TASK TO COMPLETE
In the records below, find the line with "#1 marker [214, 186, 320, 259]" and the line with "name at (x, y, z)". Print both exactly, along with every line between them, and no other line.

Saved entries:
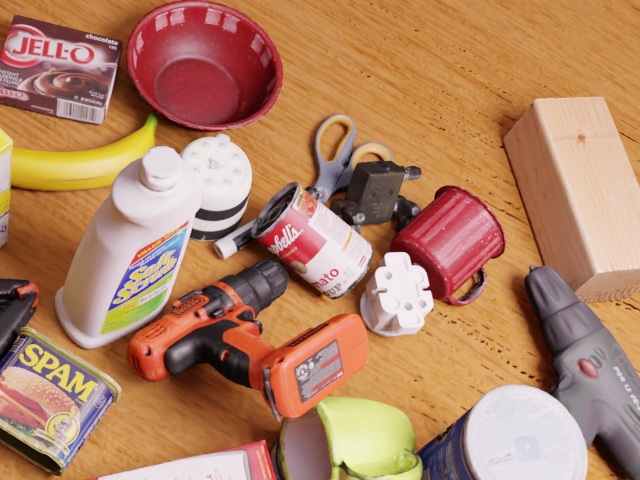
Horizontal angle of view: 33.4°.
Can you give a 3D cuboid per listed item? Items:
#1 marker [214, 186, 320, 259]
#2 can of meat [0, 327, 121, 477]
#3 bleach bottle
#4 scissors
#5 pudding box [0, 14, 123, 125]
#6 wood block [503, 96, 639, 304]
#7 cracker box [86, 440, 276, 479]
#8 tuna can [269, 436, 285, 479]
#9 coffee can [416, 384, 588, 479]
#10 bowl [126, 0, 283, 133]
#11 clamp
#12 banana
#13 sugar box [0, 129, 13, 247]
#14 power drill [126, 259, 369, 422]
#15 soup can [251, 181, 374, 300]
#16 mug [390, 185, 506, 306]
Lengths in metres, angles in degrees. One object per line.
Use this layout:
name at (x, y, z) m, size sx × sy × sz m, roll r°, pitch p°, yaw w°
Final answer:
marker at (-0.050, -0.019, 1.054) m, size 0.121 × 0.020 × 0.020 m, roll -32°, pitch 76°, yaw -20°
can of meat at (-0.234, 0.137, 0.900) m, size 0.102 × 0.057 × 0.083 m, roll 32°, pitch 61°, yaw 1°
bleach bottle at (-0.157, 0.003, 0.880) m, size 0.102 × 0.251 × 0.068 m, roll -26°, pitch 73°, yaw -28°
scissors at (0.018, -0.044, 1.102) m, size 0.096 × 0.016 × 0.201 m, roll 18°, pitch 59°, yaw -8°
pudding box at (-0.261, -0.169, 1.064) m, size 0.113 × 0.039 × 0.090 m, roll 13°, pitch 59°, yaw -11°
wood block at (0.281, -0.043, 1.143) m, size 0.090 × 0.090 × 0.206 m, roll -4°, pitch 65°, yaw -19°
cracker box at (-0.128, 0.267, 0.856) m, size 0.213 × 0.072 × 0.164 m, roll -9°, pitch 66°, yaw -21°
tuna can at (-0.002, 0.200, 0.954) m, size 0.086 × 0.034 × 0.086 m, roll 8°, pitch 61°, yaw -14°
coffee can at (0.141, 0.191, 0.878) m, size 0.102 × 0.140 × 0.103 m, roll 8°, pitch 60°, yaw -14°
bowl at (-0.122, -0.168, 1.099) m, size 0.162 × 0.055 × 0.162 m, roll 8°, pitch 61°, yaw -14°
clamp at (-0.329, 0.092, 0.896) m, size 0.209 × 0.036 × 0.165 m, roll -18°, pitch 59°, yaw -29°
banana at (-0.241, -0.076, 1.026) m, size 0.197 × 0.037 × 0.070 m, roll -11°, pitch 49°, yaw -24°
sugar box at (-0.309, -0.055, 0.907) m, size 0.093 × 0.176 × 0.048 m, roll 42°, pitch 56°, yaw 7°
power drill at (-0.050, 0.081, 0.932) m, size 0.184 × 0.188 × 0.057 m, roll -34°, pitch 121°, yaw -36°
soup can at (-0.007, 0.001, 1.023) m, size 0.102 × 0.069 × 0.068 m, roll 40°, pitch 56°, yaw -18°
mug at (0.130, 0.015, 1.071) m, size 0.081 × 0.093 × 0.117 m, roll -41°, pitch 119°, yaw -23°

RESULT OF THE EXERCISE
#1 marker [214, 186, 320, 259]
#2 can of meat [0, 327, 121, 477]
#3 bleach bottle
#4 scissors
#5 pudding box [0, 14, 123, 125]
#6 wood block [503, 96, 639, 304]
#7 cracker box [86, 440, 276, 479]
#8 tuna can [269, 436, 285, 479]
#9 coffee can [416, 384, 588, 479]
#10 bowl [126, 0, 283, 133]
#11 clamp
#12 banana
#13 sugar box [0, 129, 13, 247]
#14 power drill [126, 259, 369, 422]
#15 soup can [251, 181, 374, 300]
#16 mug [390, 185, 506, 306]
Lengths in metres, angles in degrees. One object per line.
Use this layout:
name at (x, y, z) m, size sx × sy × sz m, roll r°, pitch p°, yaw w°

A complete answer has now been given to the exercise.